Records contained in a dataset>
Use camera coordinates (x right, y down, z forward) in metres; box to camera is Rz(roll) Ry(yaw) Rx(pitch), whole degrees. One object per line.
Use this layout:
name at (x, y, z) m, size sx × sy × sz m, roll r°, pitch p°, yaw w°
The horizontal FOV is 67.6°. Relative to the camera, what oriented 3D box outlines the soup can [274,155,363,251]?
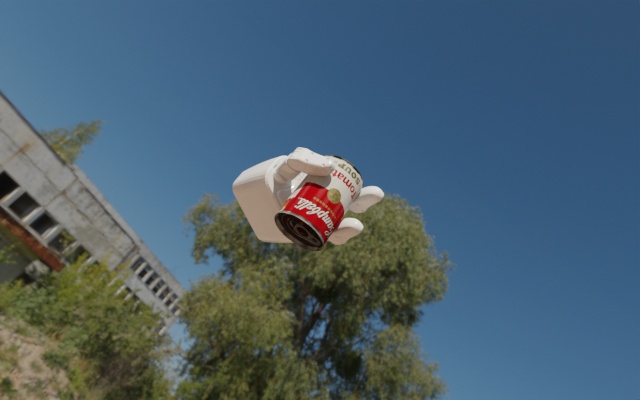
soup can at (0.000, 0.002, 0.582) m, size 0.068 × 0.102 × 0.069 m, roll 27°, pitch -30°, yaw 17°
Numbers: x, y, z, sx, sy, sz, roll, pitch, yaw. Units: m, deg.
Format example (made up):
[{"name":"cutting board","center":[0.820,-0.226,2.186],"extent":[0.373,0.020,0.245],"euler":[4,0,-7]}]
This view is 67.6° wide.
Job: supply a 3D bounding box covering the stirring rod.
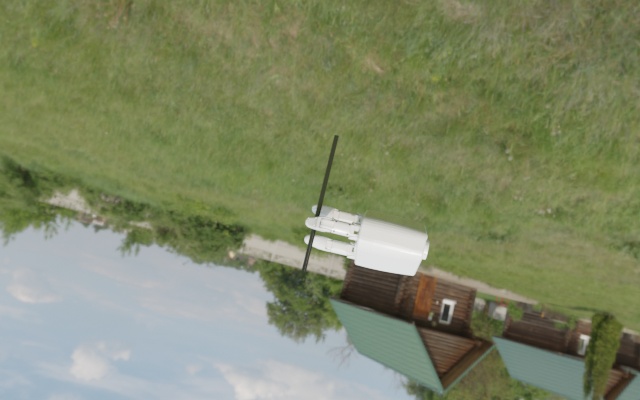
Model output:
[{"name":"stirring rod","center":[0.000,0.003,0.816],"extent":[0.011,0.239,0.011],"euler":[13,-8,2]}]
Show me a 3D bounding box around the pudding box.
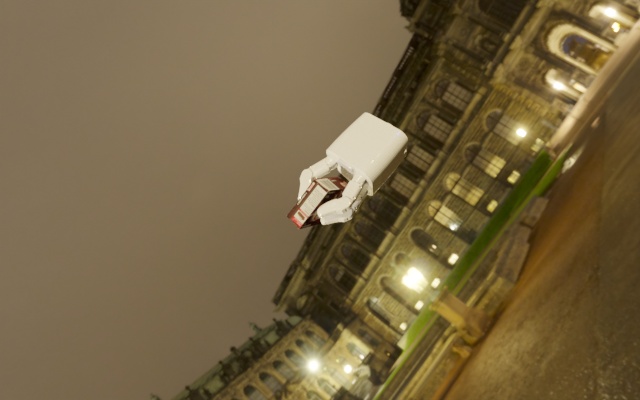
[{"bbox_3d":[0.000,0.003,0.856,0.039,0.090,0.113,43,20,18],"label":"pudding box"}]

REQUIRED ACTION>
Beginning with the line containing "Format example (made" and ending with the last line of the data, output those lines exactly and nothing more. Omit every picture.

RESULT OF THIS EXERCISE>
Format example (made up):
[{"name":"cutting board","center":[0.820,-0.226,2.186],"extent":[0.373,0.020,0.245],"euler":[4,0,-7]}]
This view is 67.6° wide.
Job: supply a 3D bounding box covering the stirring rod.
Model output:
[{"name":"stirring rod","center":[0.000,0.003,0.816],"extent":[0.011,0.239,0.011],"euler":[13,-8,2]}]
Show me a 3D bounding box around the pudding box.
[{"bbox_3d":[0.000,0.003,0.856,0.039,0.090,0.113,43,20,18],"label":"pudding box"}]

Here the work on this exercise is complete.